Man sieht dieses Desinteresse überall. Auf Veranstaltungen für Epilepsiebetroffene, in Foren, ja eigentlich überall. Natürlich fragen sich irgendwann auch Menschen die sich bereits für die Epilepsieaufklärung engagieren ob sich das alles überhaupt lohnt. Ich lese von Leuten, die ihre Selbsthilfegruppe geschlossen haben, weil kein anderer mithelfen wollte, ich höre von Menschen die mehr oder weniger nur solange „gebraucht“ werden wie sie von Nutzen sind und wieder von anderen die sich nur solange einbringen wie es ihnen schlecht geht. Danach beginnt ein neues Leben. Auch das ist verständlich. Wer schon Jahre oder Jahrzehnte für die Epilepsieselbsthilfe aktiv war und endlich Land sieht, dem muss auch gestattet sein neue Wege einzuschlagen. Jedoch sollten die Menschen das, was sie erarbeitet haben, dann nicht einfach verkümmern lassen, sondern an andere Aktive weiter „vererben“. So ist nichts verloren und neue Mitstreiter müssen den mühsamen Weg des Aufbaus nicht von vorne beginnen. Die Realität sieht leider anders aus.
 
Ist auch das ein Grund warum immer weniger Menschen bereit sind sich für andere einzusetzen? Weil sie glauben, das alles sinnlos ist?
 
Warum auch immer Sie glauben etwas tun oder nicht tun zu müssen, ich wünsche mir viel mehr Mitstreiter für Öffentlichkeitsarbeit bei Epilepsie, mehr Menschen die es wagen sich zu outen oder einfach mal einen Link weiter verbreiten. Leute die anstatt zu jammern den berühmten Stier bei den Hörnern packen und etwas tun.
 
Wenn jeder einzelne nur ein klitzekleines bisschen helfen würde, dann hätte die Epilepsie bald den gleichen Erfolg wie andere Aufklärungskampagnen und jeder wüsste das Epilepsie eher mit intelligenten Menschen in Verbindung zu bringen ist als mit dem Gegenteil. Dann müssten sich erfolgreiche Menschen nicht mehr vor den Kollegen verstecken und Epilepsiekranke nicht mehr wegen Unwissenheit anderer vereinsamen.
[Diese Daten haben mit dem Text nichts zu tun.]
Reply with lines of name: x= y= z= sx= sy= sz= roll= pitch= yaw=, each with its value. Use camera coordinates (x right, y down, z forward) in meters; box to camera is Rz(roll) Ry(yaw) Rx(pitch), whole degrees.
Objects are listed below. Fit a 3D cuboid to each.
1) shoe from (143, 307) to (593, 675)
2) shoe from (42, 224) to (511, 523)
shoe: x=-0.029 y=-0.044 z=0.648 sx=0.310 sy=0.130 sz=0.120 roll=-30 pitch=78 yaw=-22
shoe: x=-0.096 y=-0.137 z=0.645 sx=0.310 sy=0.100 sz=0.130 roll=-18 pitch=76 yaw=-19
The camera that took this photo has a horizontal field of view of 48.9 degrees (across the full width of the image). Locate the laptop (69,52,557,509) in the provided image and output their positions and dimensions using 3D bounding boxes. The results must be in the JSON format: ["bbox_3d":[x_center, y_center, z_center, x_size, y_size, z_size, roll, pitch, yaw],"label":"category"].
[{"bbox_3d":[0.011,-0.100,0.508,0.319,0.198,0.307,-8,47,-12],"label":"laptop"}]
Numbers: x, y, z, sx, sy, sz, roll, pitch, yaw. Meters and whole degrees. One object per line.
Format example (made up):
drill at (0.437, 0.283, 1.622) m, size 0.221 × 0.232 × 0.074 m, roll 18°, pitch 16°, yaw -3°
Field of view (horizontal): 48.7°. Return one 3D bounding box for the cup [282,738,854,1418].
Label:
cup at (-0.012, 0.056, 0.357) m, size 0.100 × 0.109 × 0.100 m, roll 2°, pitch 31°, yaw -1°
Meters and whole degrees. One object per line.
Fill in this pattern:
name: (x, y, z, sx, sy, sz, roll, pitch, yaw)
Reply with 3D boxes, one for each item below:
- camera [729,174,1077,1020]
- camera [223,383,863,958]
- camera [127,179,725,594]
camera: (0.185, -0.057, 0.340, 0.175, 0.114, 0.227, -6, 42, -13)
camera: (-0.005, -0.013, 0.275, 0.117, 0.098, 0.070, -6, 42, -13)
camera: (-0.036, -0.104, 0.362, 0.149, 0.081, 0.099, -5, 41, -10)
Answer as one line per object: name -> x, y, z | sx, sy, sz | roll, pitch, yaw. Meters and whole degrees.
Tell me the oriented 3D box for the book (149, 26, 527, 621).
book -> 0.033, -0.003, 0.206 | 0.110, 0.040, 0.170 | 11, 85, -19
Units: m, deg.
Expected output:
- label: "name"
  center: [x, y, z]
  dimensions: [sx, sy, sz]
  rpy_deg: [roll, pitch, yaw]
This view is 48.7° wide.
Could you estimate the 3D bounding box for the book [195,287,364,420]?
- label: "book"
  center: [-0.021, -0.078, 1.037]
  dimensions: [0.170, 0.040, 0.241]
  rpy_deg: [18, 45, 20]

Denn, gemeinsam sind wir stark – tun wir etwas für uns selbst – packen wir es an…
 
  Anja Daniel-Zeipelt

Frau Anja Zeipelt wird im Rahmen der Aufklärungskampagne „Epilepsie braucht Offenheit“ am 04.06.2016 ab 13.00 Uhr am Info-Pavillon in Weilburg (Marktplatz) für Fragen zur Verfügung stehen und anschließend einen Vortrag halten.